Out of this work grew the proposed SANA-II,
release 4 enhancements which both Roadshow and the PPP drivers
support.
Due to how the PPP driver design evolved, it was
comparatively easy to implement support for the PPPoE
protocol. As a bonus, the implementation has very little
overhead compared to other designs. Where some drivers have to
parse and repackage plain PPP frames in PPPoE form, my PPPoE
driver will generate and process PPPoE frames on the fly
without any need for extra conversion.
The PPP and PPPoE drivers are designed to
interface to a wrapper program. That program performs the
dial-in operation and handles the driver configuration,
registering it with the TCP/IP stack.
The basic feature set of the PPP drivers is
comparable to the other available solutions. For example, Van
Jacobson header compression is supported, as is MS-CHAPv1
authentication. Data compression, however, is not covered due
to patent issues and general availability of the feature. Just
like the TCP/IP stack, the drivers are portable so that they
can be rebuilt for the PowerPC.
3.3 Putting it all together
The core package consists of the following
components:
- two shared libraries (bsdsocket.library and
usergroup.library)
- configuration files for routing, name resolution,
Internet services and the inetd-style superserver
- configuration and administration tools for the TCP/IP
stack
- configuration and administration tools for the IP packet
filter and network address translation (NAT)
- two PPP drivers (ppp-serial.device and
ppp-ethernet.device)
- tools which perform the dial-in and authentication
operations necessary to go online with the PPP drivers
This is the basic functionality, which is
available for licensing. For AmigaOS4, further application
software has been written which greatly enhances the basic
dial-in utilities supplied in the core package. Also included
is a preferences editor for managing the various configuration
files the TCP/IP stack builds upon, including the network
interface configuration. Also, the AmigaOS4 version of the
core package has been ported to the PowerPC, with the
libraries and drivers running as "native code" on the
machine.
3.4 How it works
The design of Roadshow is peculiar in that it
attempts to break away from the 'traditional' "AmiTCP" design,
which put all the TCP/IP stack functionality into a single
program, which then constructed the central
"bsdsocket.library" in memory.

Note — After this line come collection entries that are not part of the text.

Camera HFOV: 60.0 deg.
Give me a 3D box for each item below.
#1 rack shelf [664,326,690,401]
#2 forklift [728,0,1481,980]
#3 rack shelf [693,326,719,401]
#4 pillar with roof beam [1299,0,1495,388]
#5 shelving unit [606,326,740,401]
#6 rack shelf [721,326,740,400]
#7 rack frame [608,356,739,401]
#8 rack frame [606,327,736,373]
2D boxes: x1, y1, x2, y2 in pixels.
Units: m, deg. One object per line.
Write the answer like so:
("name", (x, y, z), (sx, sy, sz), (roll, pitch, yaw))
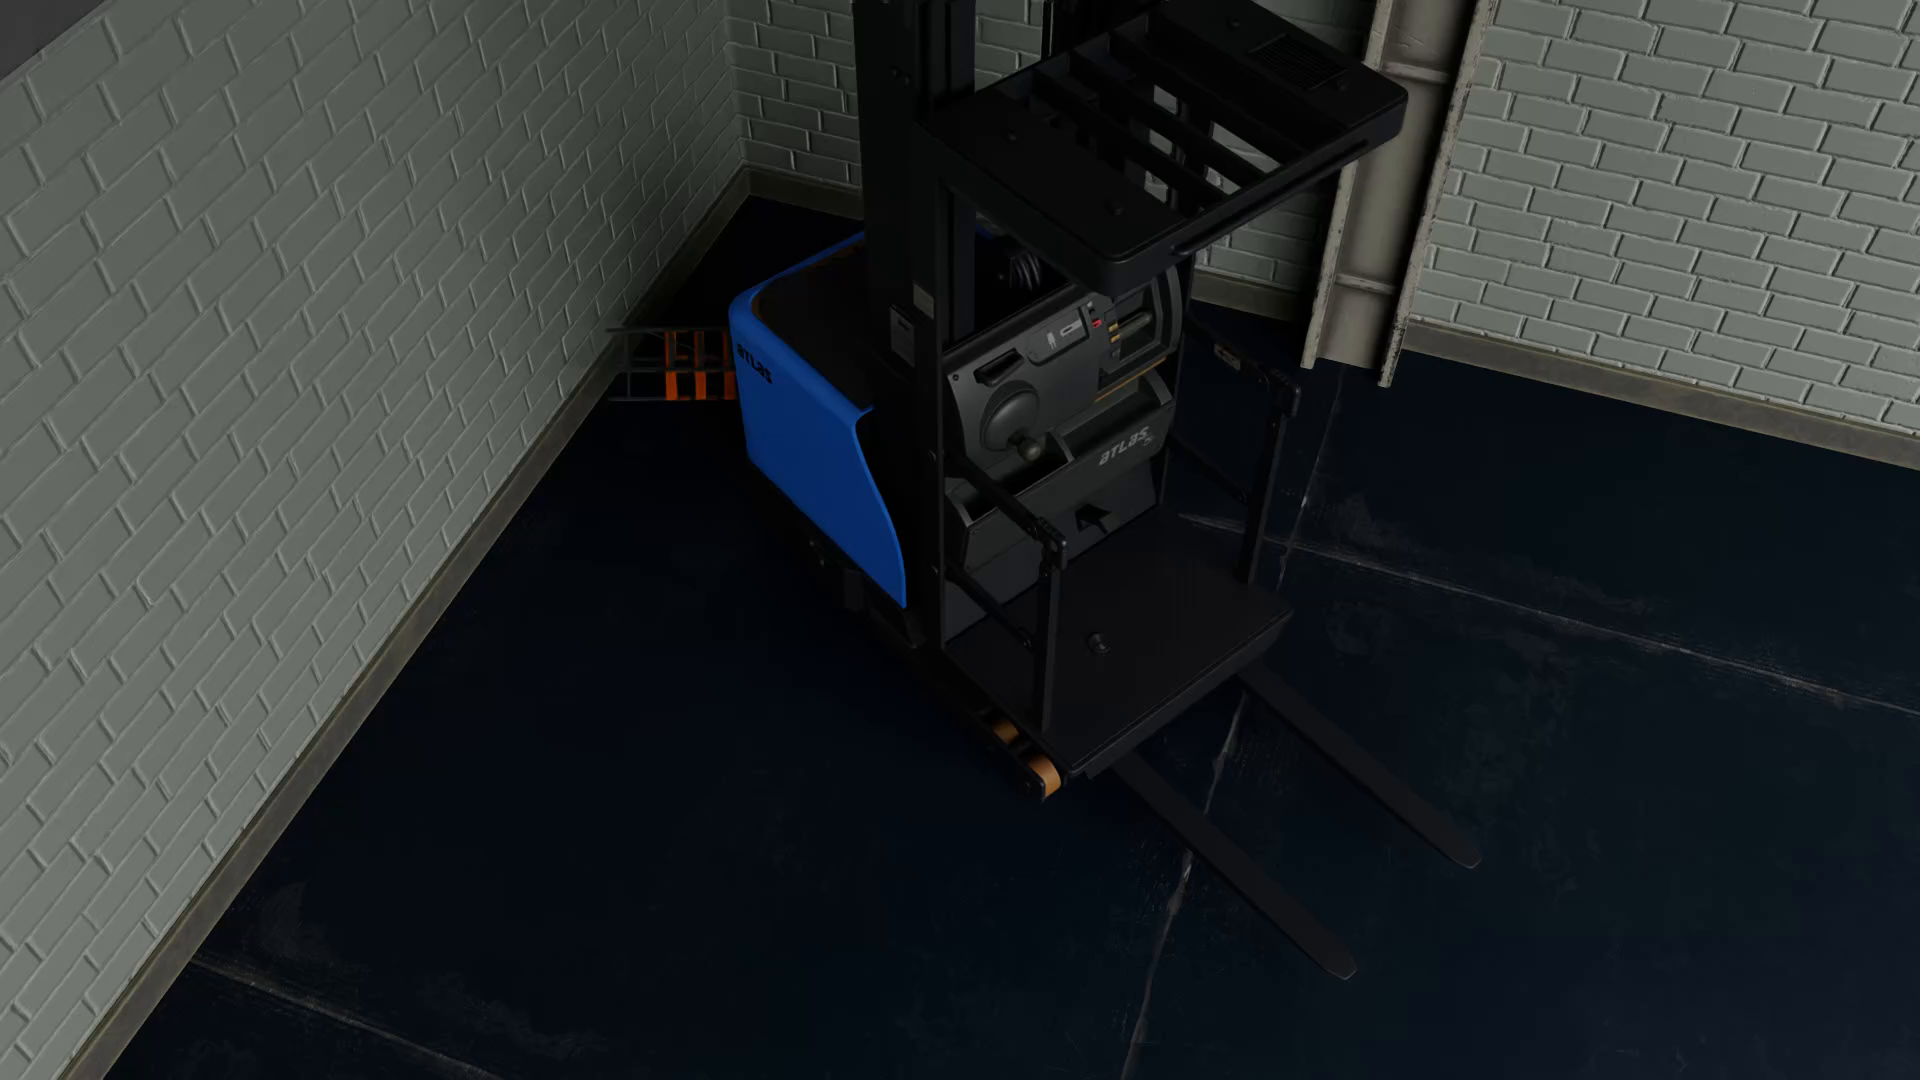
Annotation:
("rack shelf", (-1.191, -0.740, 6.986), (0.103, 0.180, 0.258), (-2, 55, -9))
("forklift", (0.479, -0.492, 5.104), (1.130, 2.935, 3.031), (-32, 56, -25))
("rack shelf", (-1.073, -0.744, 7.004), (0.103, 0.180, 0.258), (-2, 55, -9))
("pillar with roof beam", (0.230, -0.713, 1.279), (0.400, 9.000, 9.100), (16, 51, 13))
("shelving unit", (-0.880, -0.750, 7.035), (1.200, 0.189, 0.258), (-2, 55, -9))
("rack shelf", (-0.954, -0.747, 7.023), (0.103, 0.180, 0.258), (-2, 55, -9))
("rack frame", (-0.890, -0.697, 7.109), (1.200, 0.006, 0.240), (-2, 55, -9))
("rack frame", (-0.870, -0.802, 6.961), (1.200, 0.006, 0.240), (-2, 55, -9))

You actually had to launch a
program to make the TCP/IP stack work, and the TCP/IP stack
was active as long as that program was running. In my
implementation I took a hint from "AS225R2" and put all the
functionality into an actual standard Amiga shared
library.
How do you bring up the network and go online?
It's easy for highly-integrated packages such as "Miami": you
indicate which network interfaces should go online when you
push a button, which routes and domain name system servers
should be used and store this information in a configuration
file. When you start the program, you push a button and the
network goes online. In the traditional Unix approach, you
need to invoke a number of shell commands, which configure the
network interfaces and may in turn invoke other programs,
which handle the IP address negotiation and authentication.
Another program is used to establish the default routing
paths. "AmiTCP" would use this shell command based
approach.
With Roadshow it's a mix of both these techniques.
First you need to tell the TCP/IP stack which network
interfaces there are, and then you can configure them manually
or have them configured automatically. It basically works just
like with the file system mount files in the "DEVS:DOSDrivers"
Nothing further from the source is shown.